I write separately for two reasons. First, I would hold, not merely assume for argument’s sake, that the Committee’s good faith inquiry into the extent of Baker’s Georgia practice was material to the issue of his good moral character even though, as it turned out, the extent of Baker’s Georgia practice was legally irrelevant to his admission to the District of Columbia bar under Rule 46(c)(3)(i). The Committee’s interpretation of the rule, based in part on constitutional concerns, was not frivolous or ill-intentioned. Under such circumstances, I believe we should not leave any room for doubt: an applicant’s lack of candor or evasiveness cannot be excused merely because a question by the Committee on Admissions, asked in good faith without objection, turns out to be legally irrelevant. The situation would be different, of course, if an applicant objected and refused to answer a question because of an expressly stated intent to test the legality of a particular admissions requirement.

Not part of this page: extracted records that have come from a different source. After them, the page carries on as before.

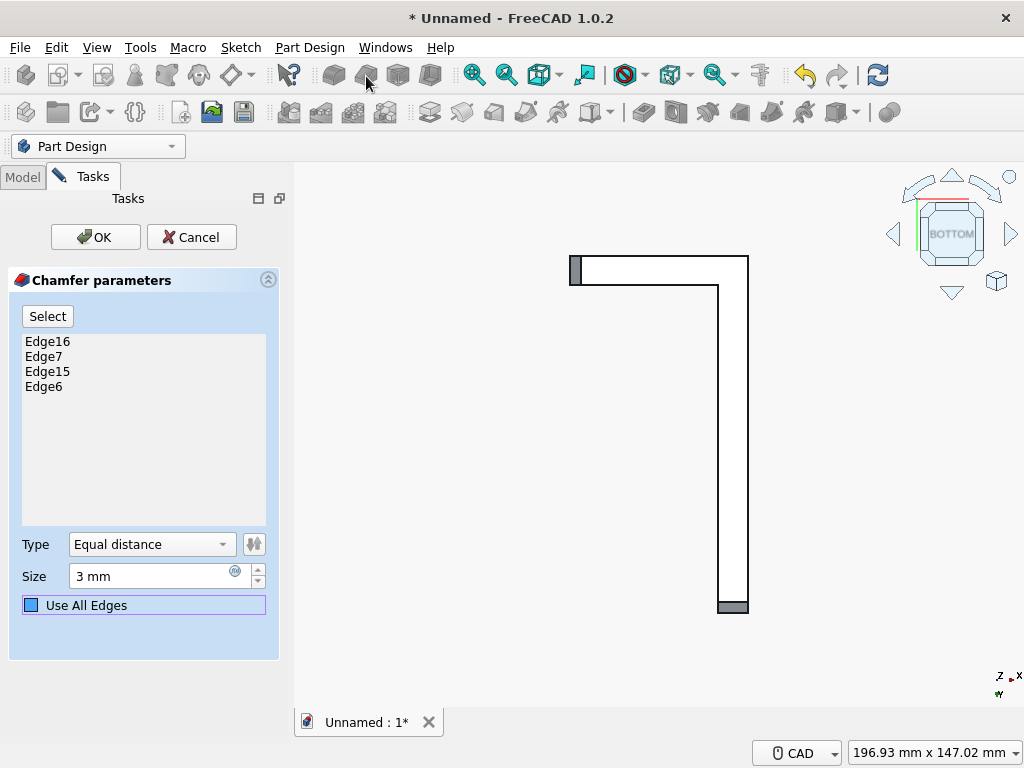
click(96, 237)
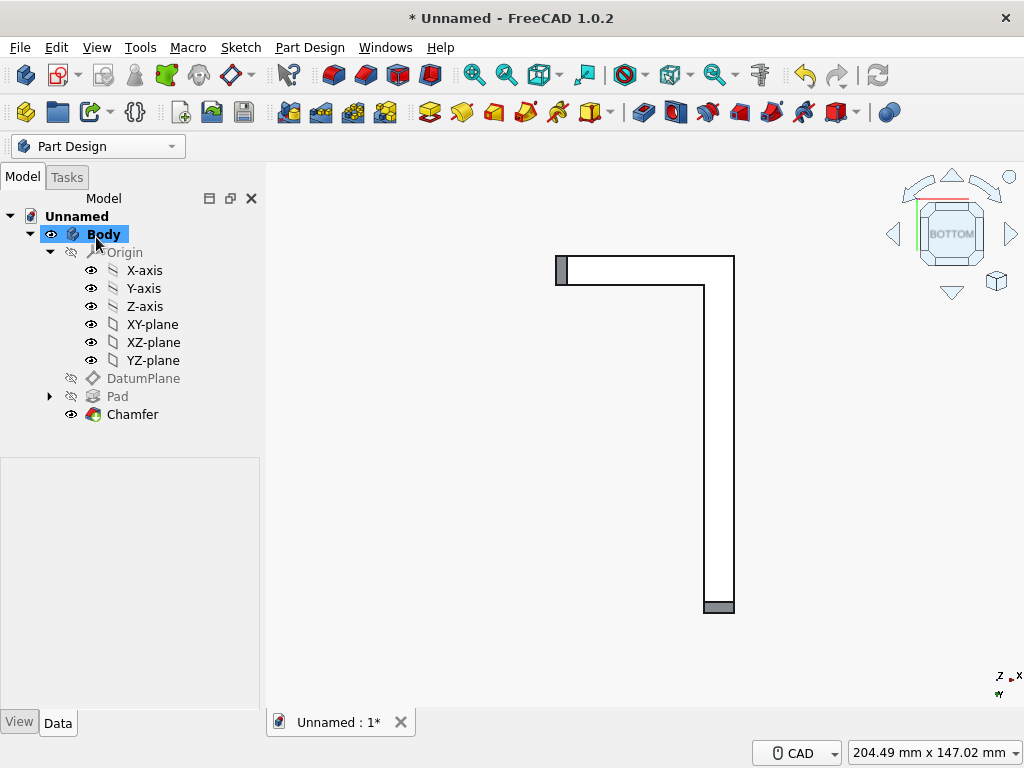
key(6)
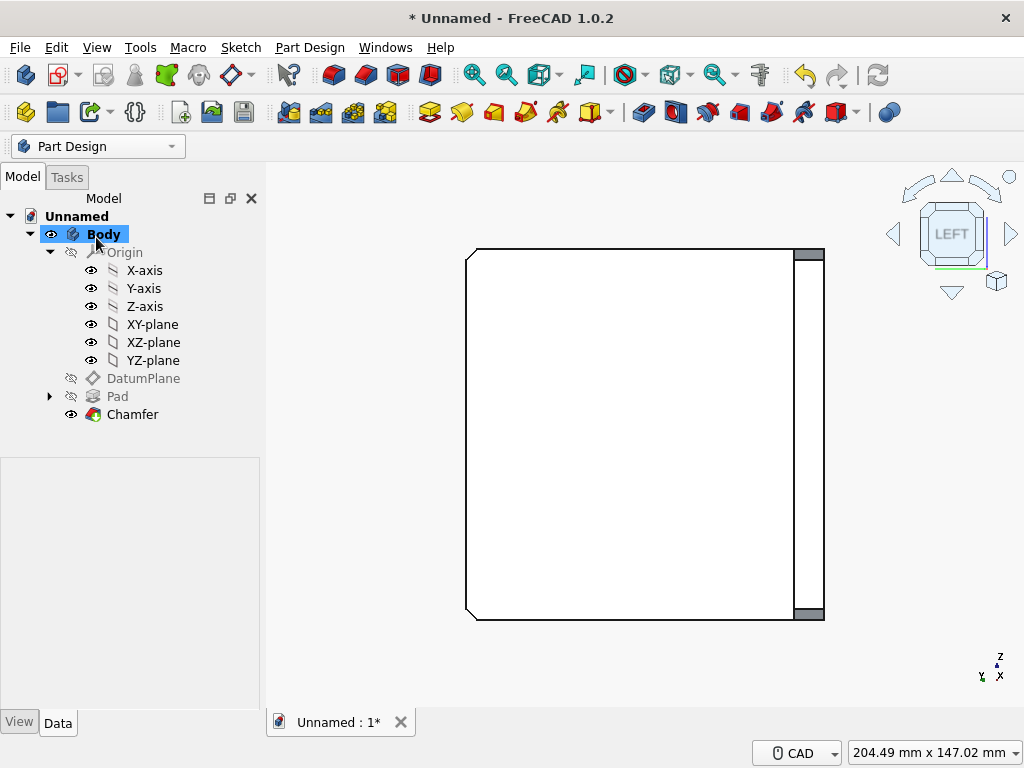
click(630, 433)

Second, because we must accept Committee fact-finding supported by the record and must afford the Committee’s recommendation “some deference," In re Man-ville, 494 A.2d 1289, 1293 (D.C.1985), I am troubled about overriding the Committee’s conclusion that Baker lacked candor and was evasive to the point that he failed to carry his burden to prove good moral character. The Committee observed Baker in person on at least two occasions; our perception is limited to a written transcript. Furthermore, there was no dissenting vote in the Committee’s recommendation to deny Baker admission to our bar. Nonetheless, having read the transcript of Baker’s formal hearing several times, I am prepared to vote for his admission. His rambling, confusing responses do not suggest to me lapses of character as much as they reflect a sheer inability to communicate. I am satisfied that on this record we would be acting arbitrarily if we were to deny Baker admission — a decision that “remains for this court,” not the committee, “to make.” Id.